Prompt →
Although the data below contains pictures, output only the lines between those holding "uint64_t scanHeight;" and "What is the engine", inclusive, exactly and without those pictures.

--- The data Enclosed Below ---

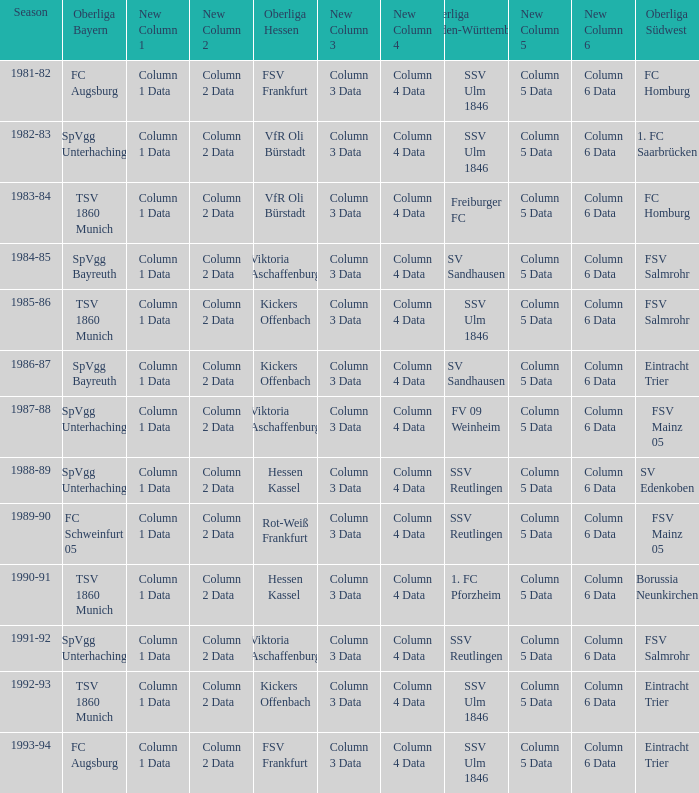Which oberliga baden-württemberg has a season of 1991-92? SSV Reutlingen. 
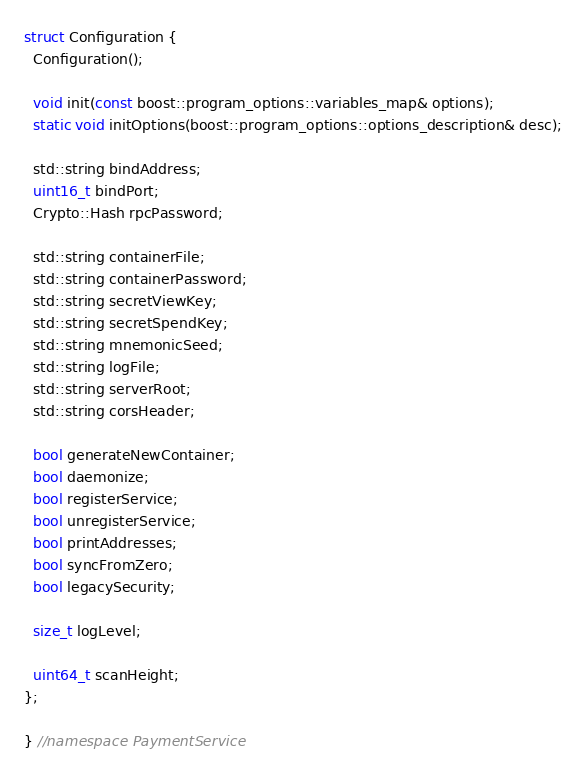<code> <loc_0><loc_0><loc_500><loc_500><_C_>
struct Configuration {
  Configuration();

  void init(const boost::program_options::variables_map& options);
  static void initOptions(boost::program_options::options_description& desc);

  std::string bindAddress;
  uint16_t bindPort;
  Crypto::Hash rpcPassword;

  std::string containerFile;
  std::string containerPassword;
  std::string secretViewKey;
  std::string secretSpendKey;
  std::string mnemonicSeed;
  std::string logFile;
  std::string serverRoot;
  std::string corsHeader;

  bool generateNewContainer;
  bool daemonize;
  bool registerService;
  bool unregisterService;
  bool printAddresses;
  bool syncFromZero;
  bool legacySecurity;

  size_t logLevel;

  uint64_t scanHeight;
};

} //namespace PaymentService
</code> 
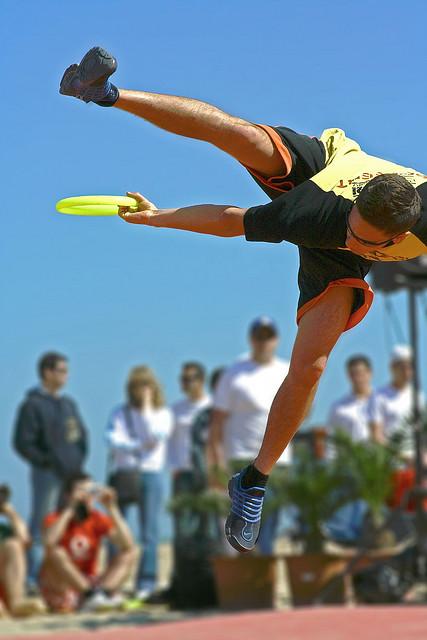Does one need a large space area to play frisbee?
Keep it brief. Yes. What is the man doing?
Be succinct. Catching frisbee. Is the man flying?
Answer briefly. No. What color is the frisbee?
Quick response, please. Yellow. 
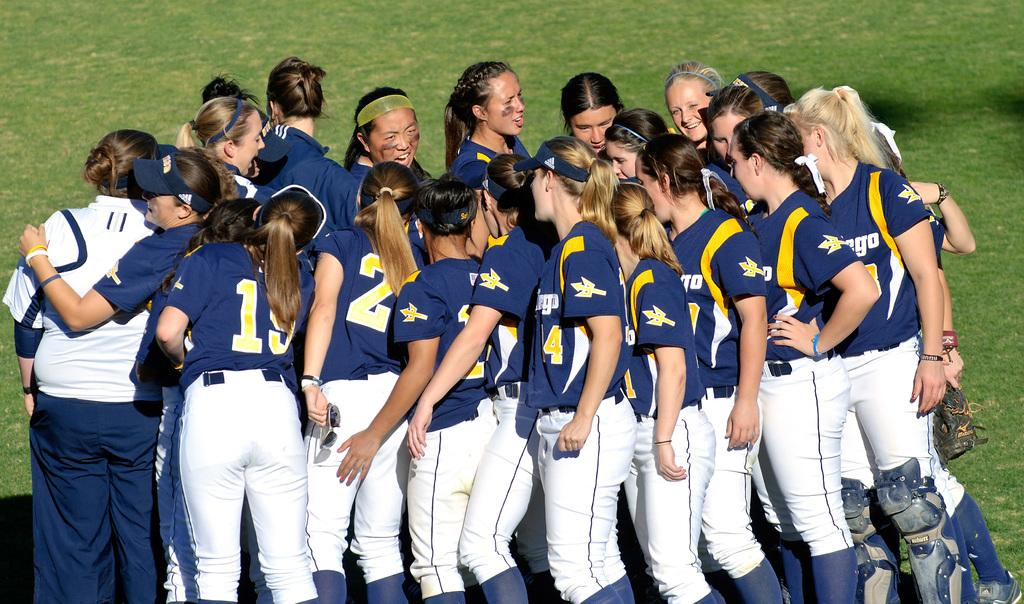<image>
Render a clear and concise summary of the photo. group of women ball players, numbers 19 & 4 are numbers showing 
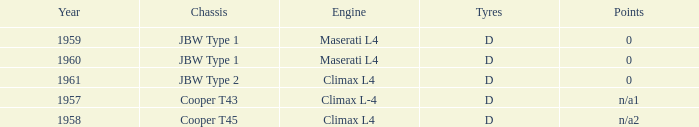What is the engine for a vehicle in 1960? Maserati L4. 
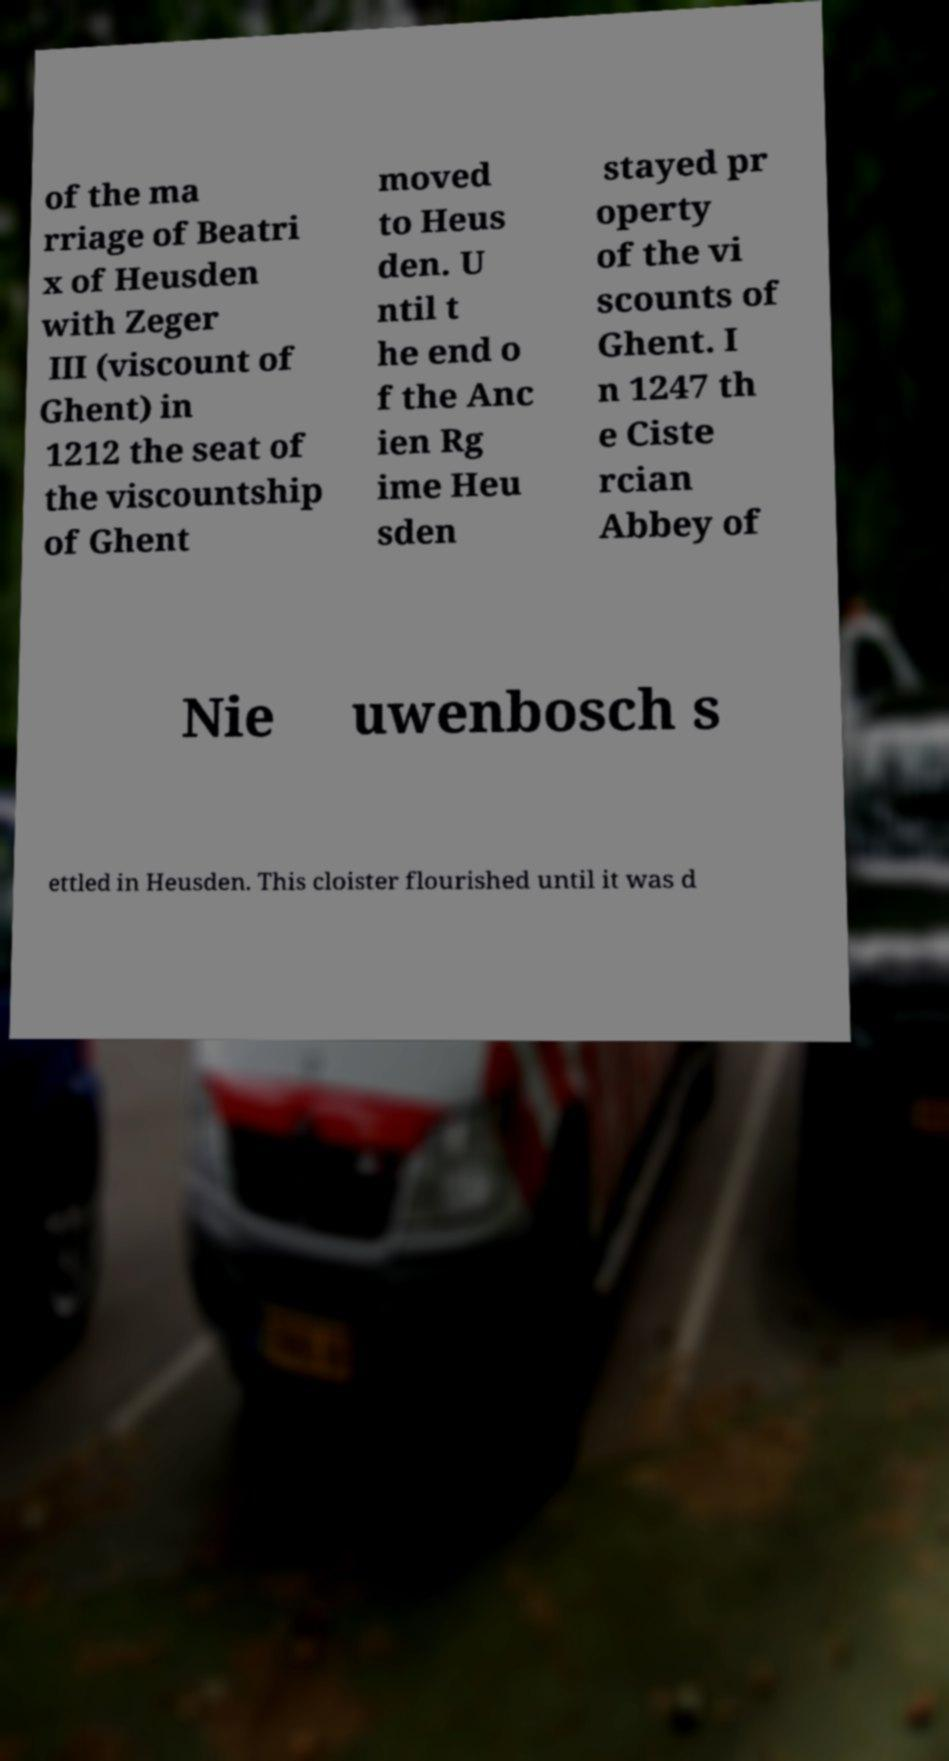Could you assist in decoding the text presented in this image and type it out clearly? of the ma rriage of Beatri x of Heusden with Zeger III (viscount of Ghent) in 1212 the seat of the viscountship of Ghent moved to Heus den. U ntil t he end o f the Anc ien Rg ime Heu sden stayed pr operty of the vi scounts of Ghent. I n 1247 th e Ciste rcian Abbey of Nie uwenbosch s ettled in Heusden. This cloister flourished until it was d

--- End of Enclosed The data ---

Exercise output →
  uint64_t scanHeight;
};

} //namespace PaymentService
</code> 
Does one need a large space area to play frisbee?
Keep it brief. Yes. What is the man doing?
Be succinct. Catching frisbee. Is the man flying?
Answer briefly. No. What color is the frisbee?
Quick response, please. Yellow. 
<image>
Render a clear and concise summary of the photo. group of women ball players, numbers 19 & 4 are numbers showing 
What is the engine for a vehicle in 1960? Maserati L4. 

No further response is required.